The mistakes that ruin studies

These are structural — they can't be fixed in analysis, only in design.

  1. Pseudoreplication. Treating repeated measurements of one unit as independent replicates: 3 mice with 100 cells each is n = 3 (mice), not n = 300 (cells), for any treatment applied to the mouse. The replicate must be at the level the treatment is randomized. This single error invalidates a large share of published experiments. Randomize and replicate at the right level; analyze with the nesting respected (mixed model). See references/design_types.md.
  2. Confounding by a nuisance variable. Running all treatment samples on Monday and all controls on Tuesday confounds treatment with day. Randomize across, or block on, every nuisance factor you can name (batch, day, plate, technician, instrument, position).
  3. No or broken randomization. Convenience assignment (first-come → treatment) lets confounders sneak in. Use a seeded schedule and follow it.
  4. No proper control. Without a concurrent control (and, where relevant, a vehicle/sham and blinding), you can't separate the treatment effect from time, placebo, or handling effects.
  5. Batch effects mistaken for biology. In omics especially, process samples in a randomized/blocked order across batches; never let batch align with the condition.
  6. Edge/position effects on plates. Evaporation and thermal gradients make plate edges differ. Randomize or block sample positions; don't put all controls in column 1.
  7. Aliasing ignored in fractional designs.
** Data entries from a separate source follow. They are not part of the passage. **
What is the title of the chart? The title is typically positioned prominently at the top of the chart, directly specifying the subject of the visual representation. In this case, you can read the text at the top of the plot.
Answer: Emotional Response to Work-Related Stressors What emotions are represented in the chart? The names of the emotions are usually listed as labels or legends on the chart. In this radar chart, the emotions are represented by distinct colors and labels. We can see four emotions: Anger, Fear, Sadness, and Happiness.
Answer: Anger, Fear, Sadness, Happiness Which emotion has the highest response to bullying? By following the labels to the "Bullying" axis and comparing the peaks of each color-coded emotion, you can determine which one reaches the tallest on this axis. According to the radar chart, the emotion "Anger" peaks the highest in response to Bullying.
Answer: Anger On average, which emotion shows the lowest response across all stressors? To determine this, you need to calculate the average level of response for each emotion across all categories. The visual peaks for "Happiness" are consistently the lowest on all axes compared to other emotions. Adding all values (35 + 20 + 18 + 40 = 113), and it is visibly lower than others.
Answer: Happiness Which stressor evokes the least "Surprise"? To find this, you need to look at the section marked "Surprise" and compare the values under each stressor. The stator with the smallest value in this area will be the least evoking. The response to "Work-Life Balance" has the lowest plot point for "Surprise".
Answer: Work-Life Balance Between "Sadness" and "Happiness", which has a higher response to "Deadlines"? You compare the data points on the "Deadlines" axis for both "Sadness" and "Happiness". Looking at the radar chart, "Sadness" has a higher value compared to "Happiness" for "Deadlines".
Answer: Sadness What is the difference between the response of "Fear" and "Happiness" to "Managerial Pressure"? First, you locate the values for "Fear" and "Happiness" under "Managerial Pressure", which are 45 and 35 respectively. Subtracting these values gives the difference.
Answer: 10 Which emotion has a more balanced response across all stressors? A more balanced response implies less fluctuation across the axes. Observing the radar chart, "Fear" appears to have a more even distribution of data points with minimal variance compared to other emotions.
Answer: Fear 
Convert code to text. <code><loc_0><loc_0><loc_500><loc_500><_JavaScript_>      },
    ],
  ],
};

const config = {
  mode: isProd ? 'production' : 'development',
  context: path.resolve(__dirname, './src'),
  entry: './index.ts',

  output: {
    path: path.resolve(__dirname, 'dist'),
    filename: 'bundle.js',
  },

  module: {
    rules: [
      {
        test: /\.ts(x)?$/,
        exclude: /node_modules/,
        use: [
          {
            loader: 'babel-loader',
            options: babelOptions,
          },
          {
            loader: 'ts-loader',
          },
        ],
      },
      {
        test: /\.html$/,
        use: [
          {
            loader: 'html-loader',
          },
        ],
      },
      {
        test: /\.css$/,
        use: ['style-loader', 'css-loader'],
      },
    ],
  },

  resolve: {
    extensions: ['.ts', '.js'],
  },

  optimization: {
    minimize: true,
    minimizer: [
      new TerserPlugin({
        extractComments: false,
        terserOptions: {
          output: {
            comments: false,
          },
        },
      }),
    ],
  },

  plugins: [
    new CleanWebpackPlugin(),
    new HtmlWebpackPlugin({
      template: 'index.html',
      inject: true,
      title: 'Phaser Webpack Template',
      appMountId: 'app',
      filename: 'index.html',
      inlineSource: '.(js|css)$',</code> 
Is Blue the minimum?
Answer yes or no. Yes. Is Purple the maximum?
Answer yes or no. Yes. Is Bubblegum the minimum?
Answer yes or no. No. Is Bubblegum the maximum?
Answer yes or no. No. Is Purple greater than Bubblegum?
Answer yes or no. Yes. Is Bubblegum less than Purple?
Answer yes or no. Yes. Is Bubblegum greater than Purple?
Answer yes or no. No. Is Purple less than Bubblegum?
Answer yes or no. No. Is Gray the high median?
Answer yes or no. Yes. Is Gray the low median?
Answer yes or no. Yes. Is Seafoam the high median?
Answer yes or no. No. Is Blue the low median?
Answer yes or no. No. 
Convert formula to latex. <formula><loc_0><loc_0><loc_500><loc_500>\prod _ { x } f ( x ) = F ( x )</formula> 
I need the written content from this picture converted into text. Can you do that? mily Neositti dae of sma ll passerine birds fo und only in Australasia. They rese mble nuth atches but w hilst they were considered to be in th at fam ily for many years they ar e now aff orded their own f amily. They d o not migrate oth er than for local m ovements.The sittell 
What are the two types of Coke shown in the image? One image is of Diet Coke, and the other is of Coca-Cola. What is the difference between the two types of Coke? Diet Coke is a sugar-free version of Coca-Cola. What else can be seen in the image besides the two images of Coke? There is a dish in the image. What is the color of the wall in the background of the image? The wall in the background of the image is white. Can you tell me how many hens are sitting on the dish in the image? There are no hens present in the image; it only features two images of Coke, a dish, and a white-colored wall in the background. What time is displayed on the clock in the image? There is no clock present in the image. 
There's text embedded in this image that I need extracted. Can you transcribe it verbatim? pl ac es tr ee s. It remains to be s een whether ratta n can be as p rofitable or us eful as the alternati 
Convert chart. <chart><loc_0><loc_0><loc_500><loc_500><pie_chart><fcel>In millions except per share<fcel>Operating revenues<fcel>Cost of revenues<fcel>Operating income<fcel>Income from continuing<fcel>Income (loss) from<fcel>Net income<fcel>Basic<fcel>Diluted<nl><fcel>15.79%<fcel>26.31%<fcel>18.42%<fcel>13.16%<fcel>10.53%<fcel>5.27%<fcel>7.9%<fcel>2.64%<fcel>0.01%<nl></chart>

A low-resolution fractional factorial confounds main effects with interactions; know your alias structure before concluding a factor "has no effect."
  8. Optimizing without curvature. A two-level factorial can't detect a curved response; you'll miss an interior optimum. Use a response-surface design.

Workflow

  1. State the question, the unit, and the response. What is randomized? What is measured? At what level is a true independent replicate? This determines everything.
  2. List nuisance factors (batch, day, site, operator, position) — plan to block, stratify, or randomize across each.
  3. Pick the design using the decision tree and reference files.
  4. Decide replication at the correct level (and get n from the statistical-power skill for the chosen design).
  5. Generate the layout with randomization.py / doe_designs.py, seeded.
  6. Randomize run/processing order and plate/batch positions.
  7. Document the design, seed, and schedule (pre-register if possible) so the analysis is confirmatory and the layout is auditable.
  8. Match the analysis to the design — blocks, strata, clusters, and nesting must appear in the model (hand off to statistical-analysis / statsmodels).

Resources

Scripts

  • scripts/randomization.py — seeded allocation schedules: simple_randomization, block_randomization, stratified_block_randomization, cluster_randomization, assign_factorial_runs, arm_balance.
  • scripts/doe_designs.py — DOE matrices in real units: full_factorial, two_level_factorial, fractional_factorial, plackett_burman, central_composite, box_behnken, latin_hypercube.

References

  • references/randomization_and_blocking.md — randomization methods, blocking, stratification, controls, blinding, batch/plate layout.
  • references/factorial_and_doe.md — factorial and fractional designs, resolution and aliasing, screening, and response-surface methodology.
  • references/design_types.md — completely randomized, randomized block, crossover, repeated-measures, split-plot, Latin-square, cluster, and nested designs; the pseudoreplication problem in depth.
  • references/sequential_and_adaptive.md — group-sequential designs, alpha spending, interim stopping, and adaptive sample-size re-estimation.
  • statistical-power — required sample size / power for the design you've chosen.
  • statistical-analysis — running and reporting the analysis after collection.
  • statsmodels / pymc — fitting the models the design implies.

Key references

  • Fisher, R. A. (1935). The Design of Experiments.
  • Montgomery, D. C. (2019). Design and Analysis of Experiments (10th ed.).
  • Hurlbert, S. H. (1984). Pseudoreplication and the design of ecological field experiments. Ecological Monographs, 54(2), 187–211.
  • Lazic, S. E. (2016). Experimental Design for Laboratory Biologists.